73. Editorial Note
President Nixon met at the White House on June 16, 1971, with Indian Foreign Minister Swaran Singh. Ambassadors Jha and Keating were also present, as were Henry Kissinger and Joseph Sisco. Before the arrival of Singh and Jha, Kissinger briefed Nixon on the upcoming meeting. He recommended a combination of sympathy and firmness in dealing with Singh. Kissinger said: “Iʼve told Yahya that he had a personal channel through me to you. I am just trying to keep them [the Indians] from attacking for 3 months.” Returning to his advice on how to deal with Singh, Kissinger said: “You could say that you are directing that $60 million be made available for refugee support after July 1.” He anticipated that Foreign Minister Singh would be delighted. He [Page 183] added: “You will see whether you can get $20 million from other programs this month.” Kissinger further advised Nixon to tell Singh that “overt pressure on Pakistan would have a counter-productive effect, and that you are working with Yahya in your own way.”
President Nixonʼs meeting with Foreign Minister Singh began at 3:08 p.m. After an initial exchange of greetings, during which Nixon conveyed his congratulations to Prime Minister Gandhi on her electoral victory, Singh outlined the “tremendous problem” created for India by the influx of often destitute refugees from East Pakistan. He said that problems growing out of the influx impacted on India politically as well as economically. “In this situation, we seek your advice.” He expanded at length on the building crisis and observed “obviously some political settlement is needed.” Singh warned that unless something was done, and done quickly, dangerous instability would develop on the subcontinent.

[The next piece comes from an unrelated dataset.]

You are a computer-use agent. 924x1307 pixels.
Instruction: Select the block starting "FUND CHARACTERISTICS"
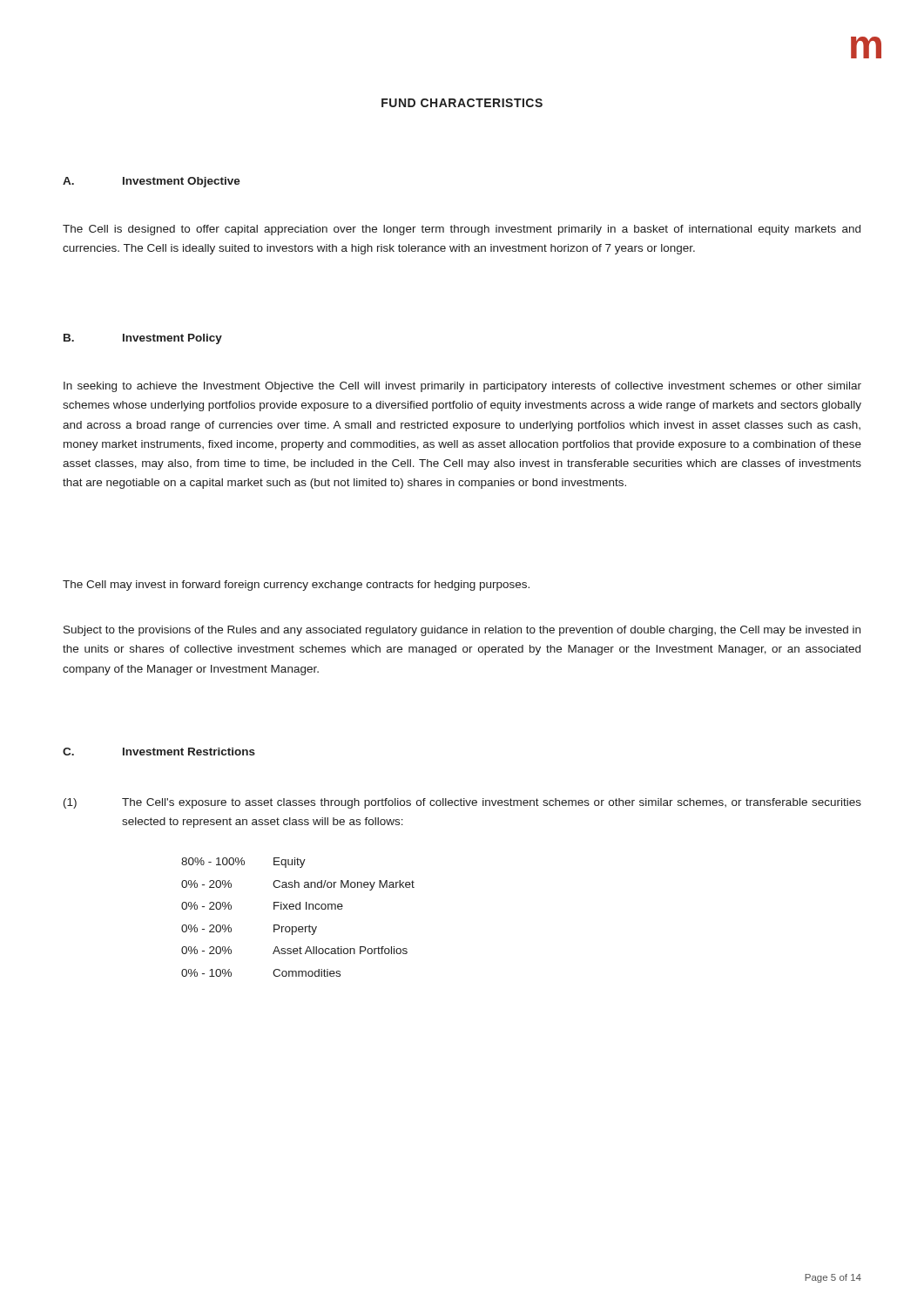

Nixon asked Singh how he saw “the historical process working.” Singh observed that it appeared that Pakistan was reaching “the point of no return.” Nixon asked Singh to outline an outcome that “would be in Indiaʼs best interest.” He asked if India envisioned “an independent country” in East Pakistan. Singh replied: “We have no fixed position on that.”

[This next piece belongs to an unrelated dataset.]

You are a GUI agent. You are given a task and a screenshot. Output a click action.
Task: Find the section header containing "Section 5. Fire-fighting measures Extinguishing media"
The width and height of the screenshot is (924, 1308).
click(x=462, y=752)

Nixon assured Singh that Indiaʼs position was being well represented by Ambassador Jha and sympathetically reported from India by Ambassador Keating. Hence, Nixon said, “I am keenly aware of the problem.” He indicated his familiarity with the problems of poverty and instability that plagued the subcontinent, as well as the problems posed by population pressures. He said: “What we feel is one thing, what we can do is another.” Nixon noted that his administration was in regular contact with the Government of Pakistan, but added “the question is how we can discuss this matter with them … in a way that will maybe, may bring about action that would lead to amelioration of the situation.” He suggested to Singh that “the best course of action we think as a government is for us to, is for you to have confidence, and I want you to convey this to the Prime Minister on a completely off-the-record basis, you must have confidence that one, I am acutely aware of the problem. … Therefore, I will use all the persuasive methods that I can, but I must use them in the way that I think is the most effective.” He reiterated: “I am aware of the problem, I shall try to use my influence as effectively as possible.”
Turning to the specific problem of the refugees, Nixon said that he was considering various options in attempting to help deal with the situation. He noted that there were only 15 days left in the fiscal year and added that it would be possible to provide $20 million to India before July 1. He said that after July 1 the United States would be able [Page 184] to provide an additional $50 million for refugee assistance, subject to Congressional approval. “I realize that that does not get at the long-range problem. The long-range problem is how do you stop this inflow of people. How maybe youʼd start having them turn around and start outflowing them.” … “You brought to my attention when you met me. The Prime Minister, and Ambassador Keating all brought to my attention, and I am convinced of the seriousness of the problem. I will try to find methods that I think will be effective. … It must not be in a way that appears that weʼre, that what has happened here is that the United States is inserting itself into basically an internal situation.” Nixon emphasized that the parties involved must arrive at their own solution, rather than have one imposed on them. “In the meantime,” he said, it was important “to keep as cool as possible, in terms of charges and counter-charges. … You can count on our financial assistance to the extent that we are able.”
Singh expressed his appreciation for the financial assistance offered by Nixon. He reverted, however, to the question posed for India by the continuing flow of refugees. The fundamental question he said was how to stop it. Nixon replied that he was aware that “the funds, while essential, [deal] with a temporary problem.” He recognized that it was not possible to “buy the problem away.” “The problem is going to go away only as the deeper causes are resolved. And I am aware of that. How we get at those deeper causes is very sensitive problem.” Nixon went on to say: “I donʼt think anything, however, certainly at this point, would be served by any indication of the United States putting public pressure on Pakistan. That I know would be wrong if we want to accomplish our goal.” He suggested that quiet diplomacy would be much more effective. (National Archives, Nixon Presidential Materials, White House Tapes, Conversation between President Nixon and Indian Foreign Minister Singh, June 16, 1971, 2:58–3:41 p.m., Oval Office, Conversation No. 523–2) A transcript of this conversation is published in Foreign Relations, 1969–1976, volume E–7, Documents on South Asia, 1969–1972, Document 138.